Aim of the exercise: For every line in the material, output its text exactly and exclude any image it holds.

Task material:

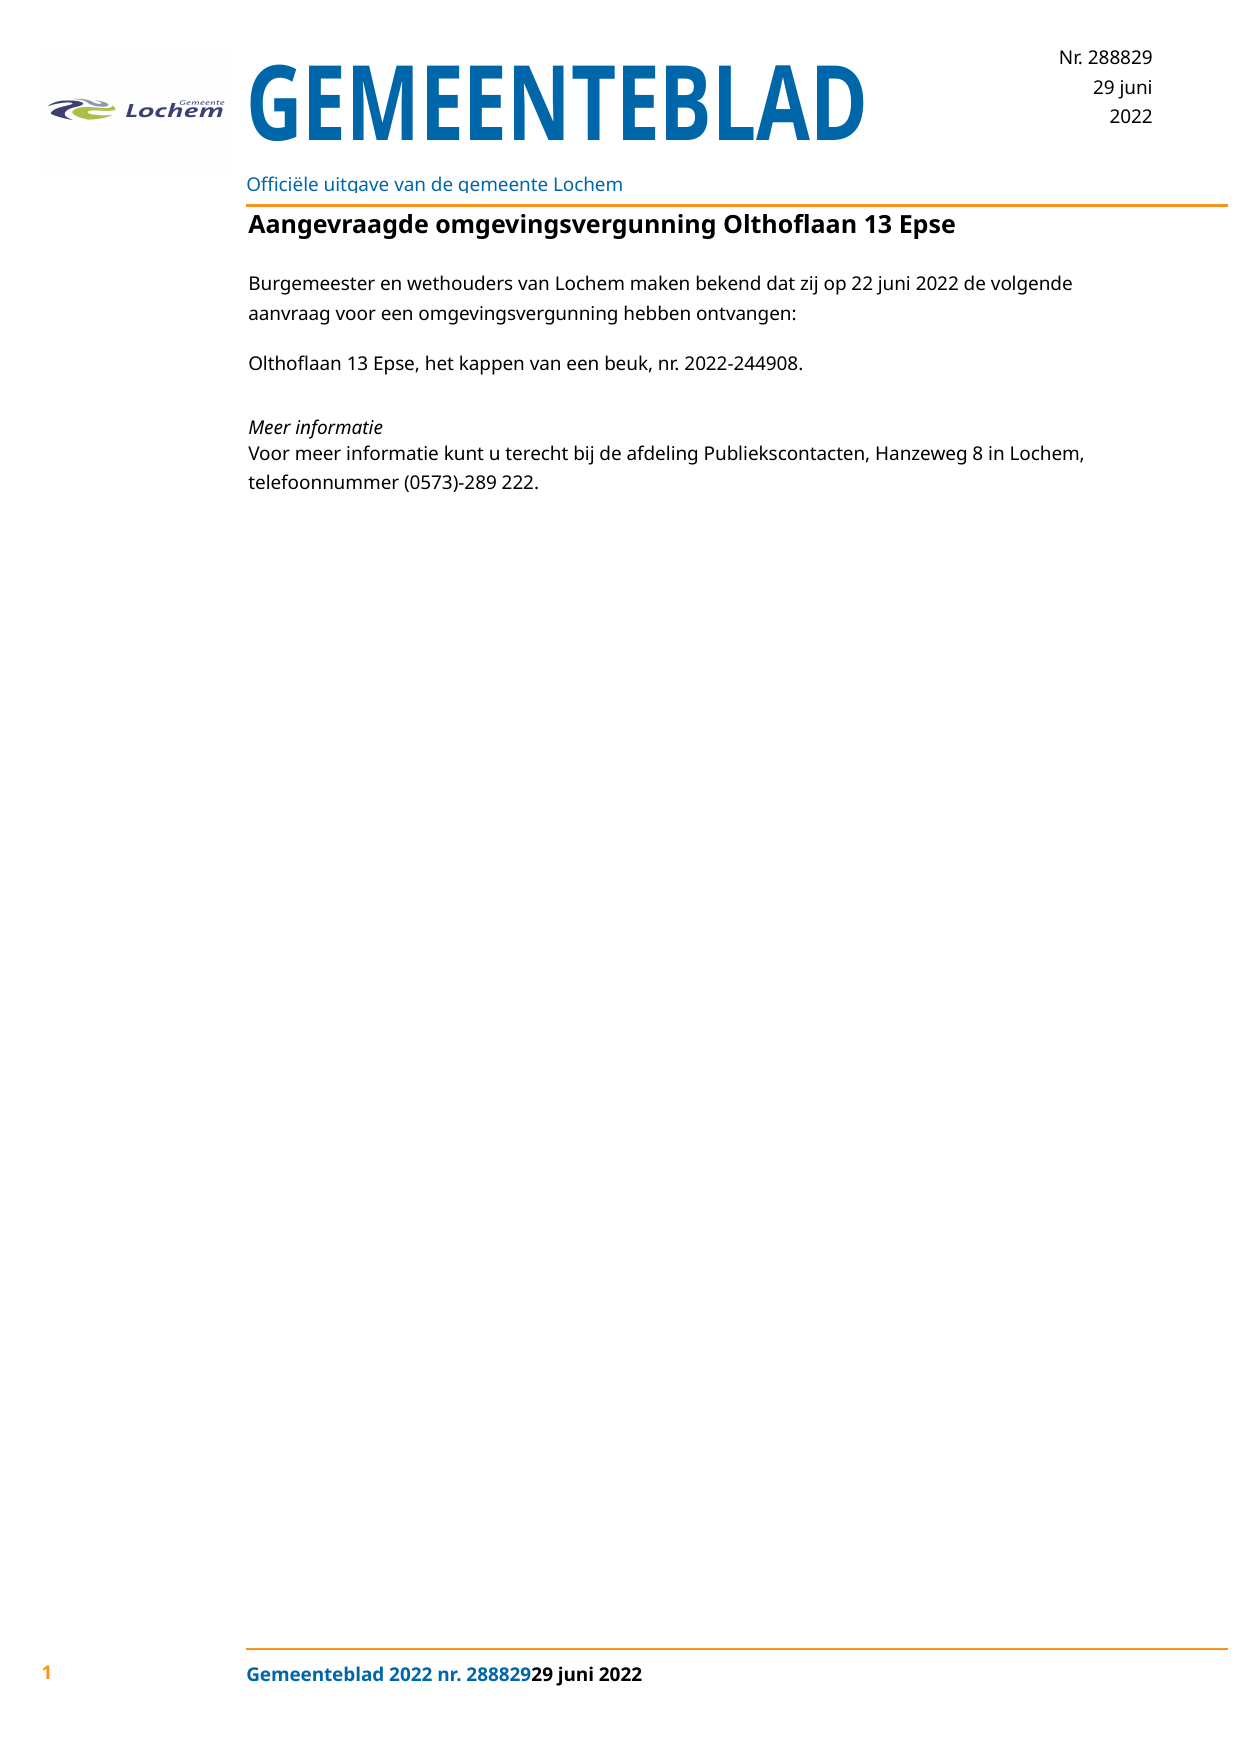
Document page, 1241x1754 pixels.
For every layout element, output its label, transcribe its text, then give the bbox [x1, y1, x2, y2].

text Voor meer informatie kunt u terecht bij de afdeling Publiekscontacten, Hanzeweg 8 in Lochem, telefoonnummer (0573)-289 222. [248, 440, 1152, 495]
text Burgemeester en wethouders van Lochem maken bekend dat zij op 22 juni 2022 de volgende aanvraag voor een omgevingsvergunning hebben ontvangen: [248, 270, 1152, 326]
picture [41, 47, 231, 172]
text Olthoflaan 13 Epse, het kappen van een beuk, nr. 2022-244908. [248, 350, 1152, 376]
text Aangevraagde omgevingsvergunning Olthoflaan 13 Epse [248, 207, 1152, 241]
text Meer informatie [248, 414, 1152, 440]

Written response:
Document page, 1241x1754 pixels.
For every layout element, output its label, transcribe its text, then give the bbox [x1, y1, x2, y2].

text Voor meer informatie kunt u terecht bij de afdeling Publiekscontacten, Hanzeweg 8 in Lochem, telefoonnummer (0573)-289 222. [248, 440, 1152, 495]
text Burgemeester en wethouders van Lochem maken bekend dat zij op 22 juni 2022 de volgende aanvraag voor een omgevingsvergunning hebben ontvangen: [248, 270, 1152, 326]
picture [41, 47, 231, 172]
text Olthoflaan 13 Epse, het kappen van een beuk, nr. 2022-244908. [248, 350, 1152, 376]
text Aangevraagde omgevingsvergunning Olthoflaan 13 Epse [248, 207, 1152, 241]
text Meer informatie [248, 414, 1152, 440]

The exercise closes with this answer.